堂上的宾客们皆发出了喝彩,为她鼓掌叫好,就连台上的司马锦都露出了一个满意的笑容。
一舞毕,林澜伊对堂上的宾客依次行礼。
她转过头,忽然对司马朔露出了抛去了一个意味深长的眼神。
她睫毛微垂,视线落在了司马朔的酒杯上。
司马朔飞速看了一眼,只见自己的酒杯里似乎多了些朱红色的粉末。
朱砂?
这宫宴之上,为何会混进朱砂?
而此时,林澜伊已经回到了大堂正中央,对司马锦俯身行礼。
司马朔懂了,林澜伊在水袖中夹杂了朱砂粉末,然后趁着跳舞的时候不动声色地下到了司马朔的酒里。
可是这少量的朱砂根本就起不到什么作用,林澜伊为何要放到他的酒杯里?
如果是想害他的话,那大可以直接下毒。
或许是林澜伊偷换了毒药?
林澜伊是在暗示他什么?
电光火石之间,一个念头浮现在司马朔的脑海中。司马朔忽然站起身来,为林澜伊鼓起了掌。
“林夫人这支舞跳的真是……”
司马朔话还没有说完,桌上的酒盏就忽然被他扫落在地,仿佛是不小心弄倒了那样,动作极其自然,根本看不出半点端倪来。台上的司马锦也没有察觉到异样,但心头却依旧猛的一震。

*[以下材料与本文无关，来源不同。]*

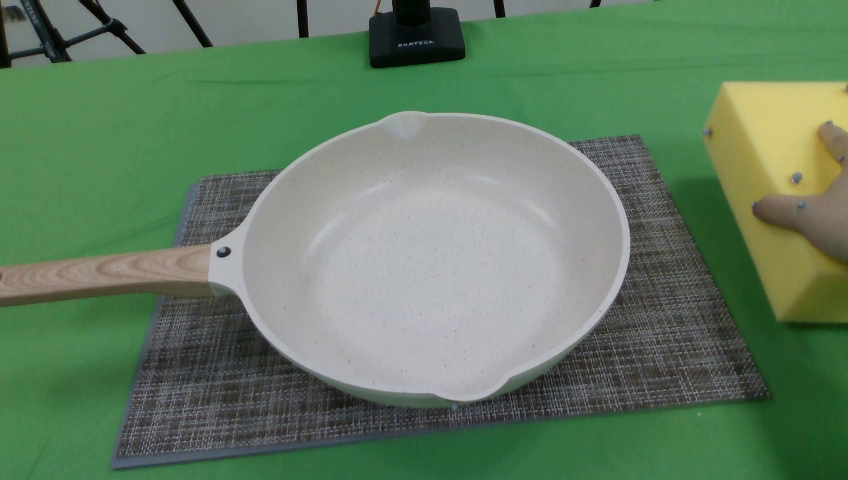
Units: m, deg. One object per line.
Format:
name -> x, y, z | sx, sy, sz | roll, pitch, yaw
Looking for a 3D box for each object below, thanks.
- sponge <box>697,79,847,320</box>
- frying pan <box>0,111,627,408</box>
sponge -> 0.306, -0.039, 0.466 | 0.118, 0.061, 0.204 | -1, 50, 0
frying pan -> -0.098, 0.014, 0.461 | 0.489, 0.103, 0.303 | -3, 44, -9
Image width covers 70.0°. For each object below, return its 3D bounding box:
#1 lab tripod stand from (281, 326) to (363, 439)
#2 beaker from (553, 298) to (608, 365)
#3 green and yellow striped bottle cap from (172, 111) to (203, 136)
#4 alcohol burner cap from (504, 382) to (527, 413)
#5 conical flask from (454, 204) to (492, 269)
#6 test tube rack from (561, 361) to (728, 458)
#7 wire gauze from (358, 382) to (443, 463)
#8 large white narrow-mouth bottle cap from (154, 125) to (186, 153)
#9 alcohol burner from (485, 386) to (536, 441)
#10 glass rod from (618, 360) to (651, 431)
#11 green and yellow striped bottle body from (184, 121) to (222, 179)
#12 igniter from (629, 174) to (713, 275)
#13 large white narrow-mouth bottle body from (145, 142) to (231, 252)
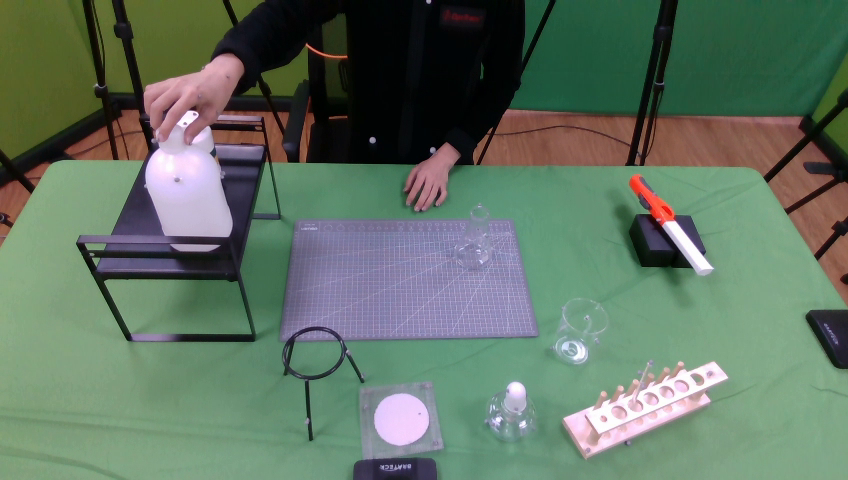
[{"bbox_3d":[-0.166,0.203,0.913,0.148,0.132,0.147,1,47,-1],"label":"lab tripod stand"},{"bbox_3d":[0.260,0.154,1.015,0.073,0.101,0.084,37,54,27],"label":"beaker"},{"bbox_3d":[-0.374,-0.185,0.958,0.045,0.020,0.045,3,46,-3],"label":"green and yellow striped bottle cap"},{"bbox_3d":[0.133,0.225,0.877,0.034,0.048,0.033,-4,46,5],"label":"alcohol burner cap"},{"bbox_3d":[0.097,-0.009,1.140,0.075,0.122,0.075,2,46,-2],"label":"conical flask"},{"bbox_3d":[0.341,0.248,0.940,0.243,0.085,0.066,-15,49,-18],"label":"test tube rack"},{"bbox_3d":[-0.039,0.276,0.937,0.121,0.011,0.124,-4,47,-7],"label":"wire gauze"},{"bbox_3d":[-0.340,-0.136,0.813,0.038,0.024,0.037,2,47,-2],"label":"large white narrow-mouth bottle cap"},{"bbox_3d":[0.131,0.249,0.904,0.078,0.120,0.077,1,48,-1],"label":"alcohol burner"},{"bbox_3d":[0.298,0.226,0.865,0.008,0.201,0.008,-1,48,2],"label":"glass rod"},{"bbox_3d":[-0.375,-0.149,0.995,0.063,0.120,0.063,2,46,-2],"label":"green and yellow striped bottle body"},{"bbox_3d":[0.481,-0.040,1.202,0.057,0.025,0.274,-1,46,-21],"label":"igniter"},{"bbox_3d":[-0.345,-0.078,0.878,0.102,0.195,0.101,2,47,-2],"label":"large white narrow-mouth bottle body"}]
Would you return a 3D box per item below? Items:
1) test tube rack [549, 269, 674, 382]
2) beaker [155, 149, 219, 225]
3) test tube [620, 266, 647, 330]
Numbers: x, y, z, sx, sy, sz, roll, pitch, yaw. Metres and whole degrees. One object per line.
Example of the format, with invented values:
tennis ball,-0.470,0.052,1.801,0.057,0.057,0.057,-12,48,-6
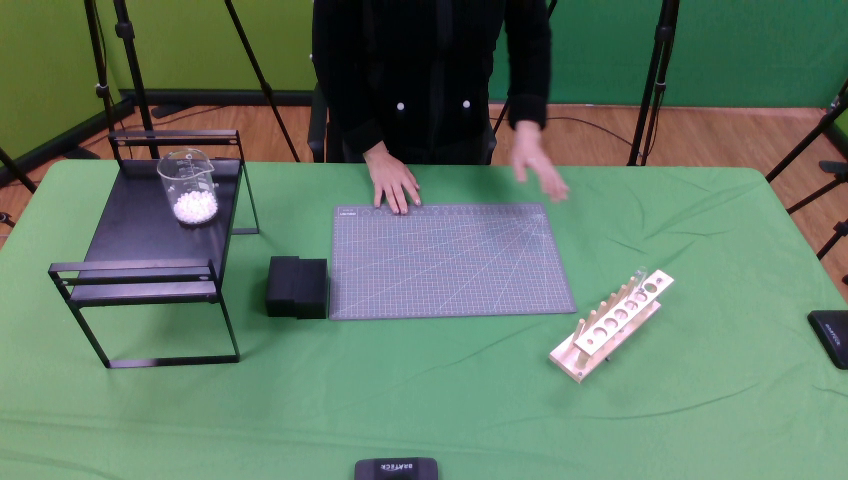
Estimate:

林澜伊跳完了舞,那毒药也自然就撒在了司马朔的杯里,可是酒杯竟然被他无意中打翻了!
宋堑不知道司马朔到底要干什么,只是顺势向地上看了一眼,忽然一惊。
“这酒里是有什么东西吗?”
宋堑此言一出,瞬间引起了堂上宾客们的注意。
坐在司马朔旁边那桌的是向来就不怎么得司马锦青睐的右相,他俯身一看。
“哟,这红彤彤的是什么呀?是王爷酒杯里的?”
宋堑蹲下身,用手指沾了点地上酒里混杂的红色粉末,在指间捻开了看。
“是朱砂。”
司马朔目光一沉,“宫宴之上,为何会混进朱砂来?”
“哎哟,这不会是下毒吧!”右相惊呼,“来人!快护驾!”
外面的侍卫听到动静,呼啦一声全都冲了上来,把整个宴会厅都围得死死的。
秦潇然心中猛的一惊,难怪林澜伊今天会来到宫宴上,原来是为了给司马朔下毒。
可是朱砂虽然用多了有害,又怎么能算是毒呢?
秦潇然慌了,这其中一定还藏着许多他不知道的事。
上面的司马锦表情几乎已经到了崩溃的边缘,好好的毒药,怎么会变成朱砂?
他目光阴森的看向林澜伊,只见林澜伊也露出了一个茫然无措的表情,不像是他动的手脚。